Système démocratique…
L’événement qui se poursuivra jusqu’au 24 septembre traitera de tous les aspects et propositions de réforme, à savoir la création d’un ministère des Services de sécurité, le rôle des collectivités locales, les exigences constitutionnelles, législatives et politiques de la réforme. Il s’agit aussi de la sécurité humanitaire, du déploiement sécuritaire, de la police de proximité, de la déontologie policière et du rôle des renseignements dans la sécurité.
«La solution est dans le système démocratique», affirme M. Ben Achour pour qui il n’est pas possible de demander des comptes à l’agent de sécurité qui ne fait qu’exécuter les ordres. «La responsabilité des dépassements de l’appareil sécuritaire doit être assumée par les hommes politiques. Le principe d’obéissance est bien connu dans le domaine sécuritaire et on ne peut condamner les agents de sécurité que pour des actes criminels», insiste-t-il. Une réflexion qui s’accorde bien avec les efforts de réconciliation.
Respect des principes…
Pour Haykel Ben Mahfoudh, chercheur dans le domaine sécuritaire, le premier chantier auquel il faut s’attaquer est la construction d’une nouvelle légitimité du système sécuritaire pour pallier au manque de confiance. Il s’agit de mettre en place une politique sécuritaire claire, par l’évaluation des besoins sécuritaires, leur légalisation et la définition des priorités. «Mais le plus important est de s’approprier cette politique et la réforme qui s’ensuit, appliquer les principes de bonne gouvernance, du respect de la loi et de la transparence», estime-t-il.

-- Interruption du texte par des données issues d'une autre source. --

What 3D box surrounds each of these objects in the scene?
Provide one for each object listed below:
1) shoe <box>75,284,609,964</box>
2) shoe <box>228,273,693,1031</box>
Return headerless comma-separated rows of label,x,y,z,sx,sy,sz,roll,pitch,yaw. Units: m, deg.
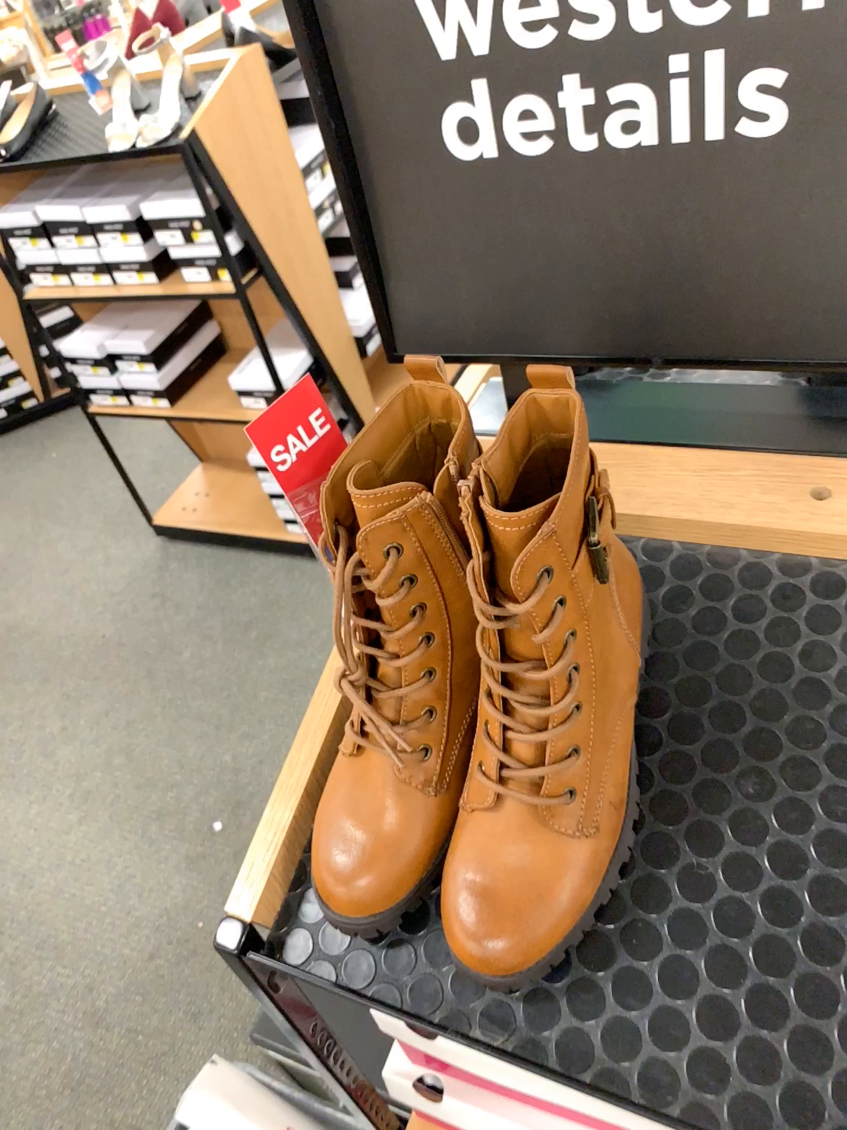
shoe,-0.006,0.023,0.474,0.090,0.229,0.276,14,50,31
shoe,0.057,0.030,0.442,0.110,0.229,0.287,5,46,23

Selon lui, 1.740 textes juridiques réglementent le secteur sécuritaire, publiés durant la période 1952-2011. On compte 1.300 textes qui sont encore exécutés alors qu’ils ne répondent pas suffisamment aux principes cités ci-dessus. Pour M. Ben Mahfoudh, il ne faut pas se suffire à des réformes partielles mais à une réforme de tout le système.
Police républicaine…
Mais pour Mohamed Lassâad Derbez, commissaire général de police, la réforme doit émaner d’un consensus entre les différentes parties concernées. Il propose un schéma directeur qui s’appuie essentiellement sur trois axes. Le premier axe consiste à réviser les missions des agents de sécurité et leurs prérogatives, essentiellement au niveau des unités sécuritaires. Le fait est qu’il n’y a pas une différenciation entre les missions de chaque unité.
Le deuxième axe concerne le déploiement sécuritaire. Un déploiement que M. Derbez affirme être à deux vitesses. Il propose que la capitale, vu son importance, se dote d’une composition spéciale alors que pour les régions, il faudrait assurer un équilibre au niveau des forces de sécurité présentes.

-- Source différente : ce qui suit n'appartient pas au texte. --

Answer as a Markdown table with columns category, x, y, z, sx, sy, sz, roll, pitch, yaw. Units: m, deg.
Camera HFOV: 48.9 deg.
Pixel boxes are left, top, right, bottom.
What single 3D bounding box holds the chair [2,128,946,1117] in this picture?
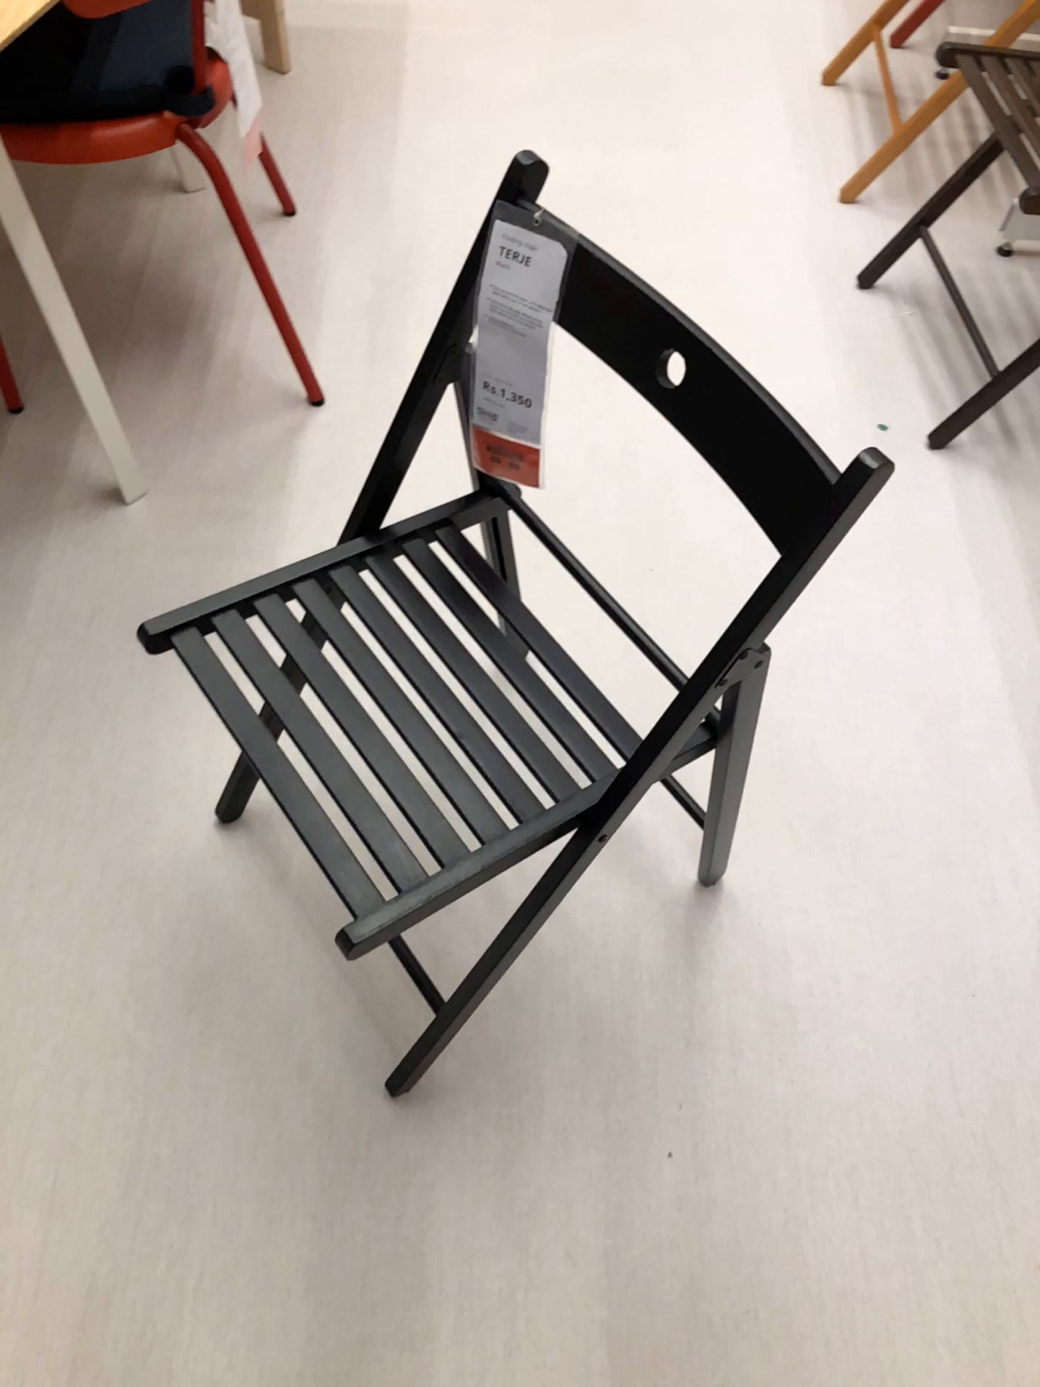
| category | x | y | z | sx | sy | sz | roll | pitch | yaw |
| --- | --- | --- | --- | --- | --- | --- | --- | --- | --- |
| chair | -0.053 | -0.011 | 1.087 | 0.481 | 0.727 | 0.441 | -30 | 64 | -20 |

Le troisième axe consiste en la révision du système des ressources humaines. Il s’agit d’améliorer la formation dans le domaine, les recrutements et assurer un cursus professionnel pour les agents de sécurité et cadres du système sécuritaire. «Il est essentiel d’assurer l’équilibre entre l’effort consenti et la rémunération et le statut social pour que l’agent soit efficace.
Ceci lui procure une immunité pour les dépassements. L’objectif est de fonder une police républicaine et citoyenne qui soit au service du citoyen et non du régime quel qu’il soit», lance-t-il.
D’un autre côté, M. Ben Mahfoudh signale que le droit du citoyen dans la sécurité doit être inscrit dans la Constitution. «La sécurité est un service aux yeux du pouvoir mais c’est un droit aux yeux du citoyen qui est même au-dessus de la liberté», estime-t-il.